User 8c68bb23cf
11-03-2009 00:33:24
Hi,
we need to perform clustering of a large set of compounds (~200k). Since we have a linux version of ChemAxon installed, we'd like to split the task into a number of SDF-formatted subsets and run Library MCS in parallel on several machines. But since these are rack-mounted cluster nodes, having a requirement for a locally started GUI application would be fairly inconvenient.
Hence, the question: is it possible to run compound clustering purely via command line? Is there a built-in function or would it require writing Java code using the plugins?
Thanks in advance
Sasha
ChemAxon efa1591b5a
11-03-2009 08:18:28
Hi Sasha,
there is a batch version of LibraryMCS that runs without a GUI. Run libmcs -h to get a list of available options.

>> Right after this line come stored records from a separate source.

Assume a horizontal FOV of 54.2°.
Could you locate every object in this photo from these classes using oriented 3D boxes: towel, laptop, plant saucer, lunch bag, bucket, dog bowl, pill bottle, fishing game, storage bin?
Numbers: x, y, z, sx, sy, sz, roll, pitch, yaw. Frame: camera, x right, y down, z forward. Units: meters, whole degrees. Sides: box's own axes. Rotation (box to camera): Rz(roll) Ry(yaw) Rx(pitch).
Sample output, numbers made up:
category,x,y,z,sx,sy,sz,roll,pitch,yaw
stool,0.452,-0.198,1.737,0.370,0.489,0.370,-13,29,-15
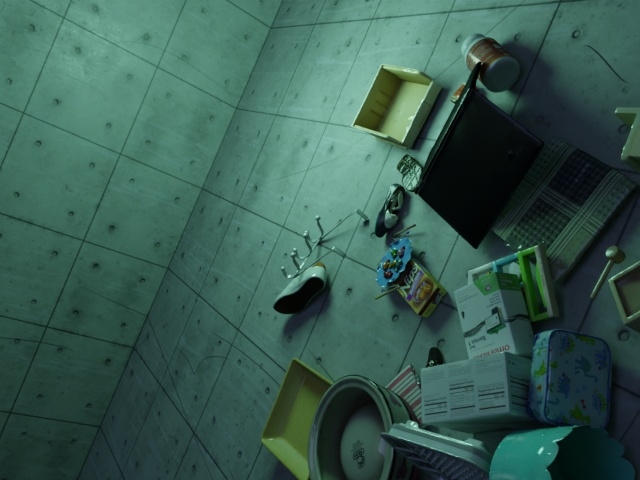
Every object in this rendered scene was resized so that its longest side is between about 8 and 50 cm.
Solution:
category,x,y,z,sx,sy,sz,roll,pitch,yaw
towel,0.637,-0.083,1.680,0.324,0.056,0.312,-55,39,14
laptop,0.472,-0.266,1.889,0.382,0.236,0.408,-66,-3,37
plant saucer,-0.046,0.617,2.164,0.332,0.081,0.333,19,87,56
lunch bag,0.570,0.320,1.425,0.090,0.176,0.219,129,151,-72
bucket,0.505,0.524,1.316,0.183,0.281,0.281,-25,52,55
dog bowl,0.134,0.609,1.838,0.408,0.150,0.408,-31,50,47
pill bottle,0.539,-0.578,2.013,0.121,0.121,0.216,-49,39,25
fishing game,0.235,0.067,2.073,0.189,0.041,0.264,-31,34,57
towel,0.260,0.489,1.873,0.144,0.029,0.197,-49,38,28
storage bin,0.280,-0.493,2.313,0.260,0.123,0.262,34,99,55

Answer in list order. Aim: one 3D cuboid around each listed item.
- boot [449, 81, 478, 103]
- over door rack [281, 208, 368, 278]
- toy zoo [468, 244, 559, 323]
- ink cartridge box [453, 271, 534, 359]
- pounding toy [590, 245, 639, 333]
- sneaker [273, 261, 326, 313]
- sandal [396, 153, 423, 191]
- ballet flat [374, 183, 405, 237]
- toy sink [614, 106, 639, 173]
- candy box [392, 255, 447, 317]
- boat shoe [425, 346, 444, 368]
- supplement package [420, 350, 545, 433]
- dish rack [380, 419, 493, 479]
category,x,y,z,sx,sy,sz,roll,pitch,yaw
boot,0.499,-0.477,2.071,0.085,0.059,0.158,-55,35,9
over door rack,0.000,0.000,2.348,0.324,0.108,0.239,-24,26,45
toy zoo,0.498,0.147,1.698,0.293,0.030,0.192,-31,58,49
ink cartridge box,0.454,0.213,1.634,0.160,0.092,0.220,-37,53,47
pounding toy,0.718,0.107,1.423,0.181,0.094,0.206,-43,32,38
sneaker,-0.072,0.187,2.445,0.290,0.106,0.123,-38,25,34
sandal,0.321,-0.230,2.175,0.090,0.060,0.219,-49,24,15
ballet flat,0.247,-0.105,2.188,0.074,0.074,0.203,9,77,55
toy sink,0.795,-0.215,1.439,0.234,0.152,0.131,20,88,55
candy box,0.308,0.145,1.979,0.109,0.053,0.187,-57,34,15
boat shoe,0.331,0.373,1.830,0.049,0.042,0.133,-26,50,47
supplement package,0.416,0.387,1.563,0.261,0.204,0.145,-24,54,45
dish rack,0.338,0.544,1.539,0.332,0.285,0.072,-1,50,53
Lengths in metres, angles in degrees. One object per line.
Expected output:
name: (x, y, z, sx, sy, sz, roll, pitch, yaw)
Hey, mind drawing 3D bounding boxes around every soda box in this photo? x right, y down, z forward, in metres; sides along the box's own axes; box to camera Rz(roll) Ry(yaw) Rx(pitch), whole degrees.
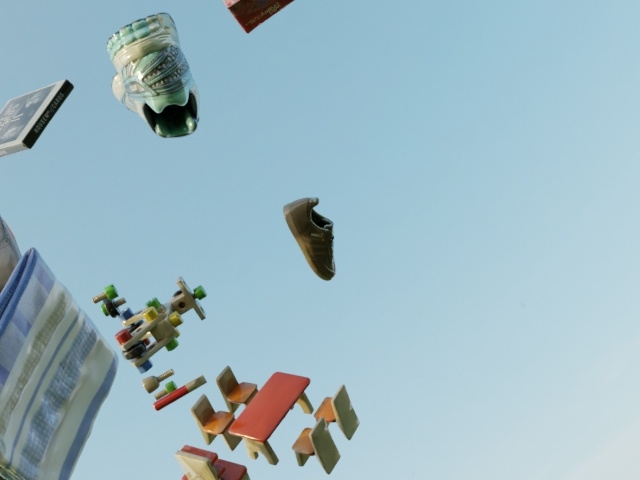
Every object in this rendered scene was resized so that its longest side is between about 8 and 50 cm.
soda box: (-0.071, -0.527, 1.448, 0.263, 0.084, 0.092, -32, -26, 8)

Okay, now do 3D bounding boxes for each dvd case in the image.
dvd case: (-0.638, -0.249, 1.571, 0.238, 0.179, 0.029, -5, -39, 39)

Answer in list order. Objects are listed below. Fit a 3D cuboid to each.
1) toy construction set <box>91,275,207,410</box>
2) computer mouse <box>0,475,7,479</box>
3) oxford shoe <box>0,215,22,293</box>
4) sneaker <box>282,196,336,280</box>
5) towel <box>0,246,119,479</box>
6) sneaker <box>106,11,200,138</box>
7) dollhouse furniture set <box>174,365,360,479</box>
toy construction set: (-0.369, 0.231, 1.849, 0.237, 0.309, 0.257, -28, -11, -7)
computer mouse: (-0.542, 0.390, 1.271, 0.183, 0.060, 0.262, -5, -57, -10)
oxford shoe: (-0.539, -0.065, 1.046, 0.130, 0.364, 0.133, -35, -9, -34)
sneaker: (0.000, 0.000, 1.368, 0.071, 0.066, 0.188, -21, -52, 14)
towel: (-0.313, 0.165, 0.841, 0.034, 0.209, 0.285, 11, -31, 11)
sneaker: (-0.211, -0.182, 0.975, 0.110, 0.122, 0.283, -23, -3, -6)
dollhouse furniture set: (-0.110, 0.309, 1.217, 0.259, 0.261, 0.135, -49, -50, -43)
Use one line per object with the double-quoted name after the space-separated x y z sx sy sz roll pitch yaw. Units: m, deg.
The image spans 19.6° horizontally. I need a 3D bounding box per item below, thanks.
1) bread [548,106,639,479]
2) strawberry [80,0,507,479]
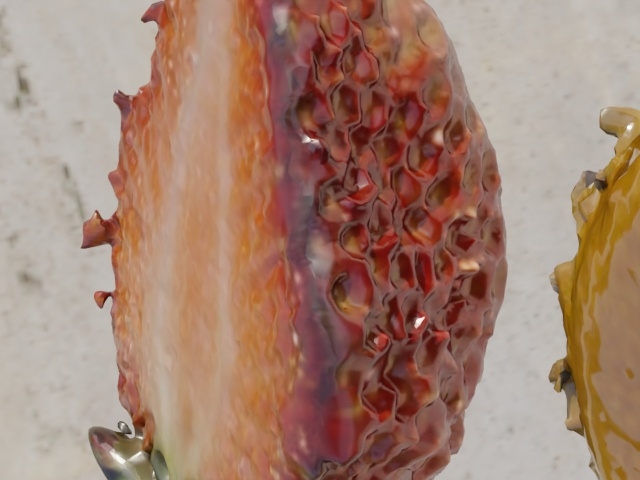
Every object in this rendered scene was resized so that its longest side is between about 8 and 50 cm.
0.209 0.050 0.369 0.389 0.183 0.236 9 103 52 "bread"
0.003 0.005 0.615 0.175 0.107 0.236 60 143 30 "strawberry"

I'm sure you are aware of getting different results for the split subsets than for the full set...
Regards,
Miklos
User 8c68bb23cf
11-03-2009 16:16:40
Thank you Miklos,
I'll play around with that option and see what I get. And yes, I'm aware of the tradeoffs while clustering a number of subsets. I'm doing it mostly for performance reasons, but will probably experiment with sets of different size to get an idea of the maximum acceptable subset.
Thanks again
Sasha
User 8c68bb23cf
11-03-2009 21:06:38
Hi Miklos,
I tried the libmcs command, but it's not really a true command line version. It simply starts the GUI version of LibraryMCS. When invoked remotely (via ssh) on a compute node of a cluster, it complains about X11 not being set and headless environment (which is ok for a GUI application, but not ok for something that is presumably written for command line use).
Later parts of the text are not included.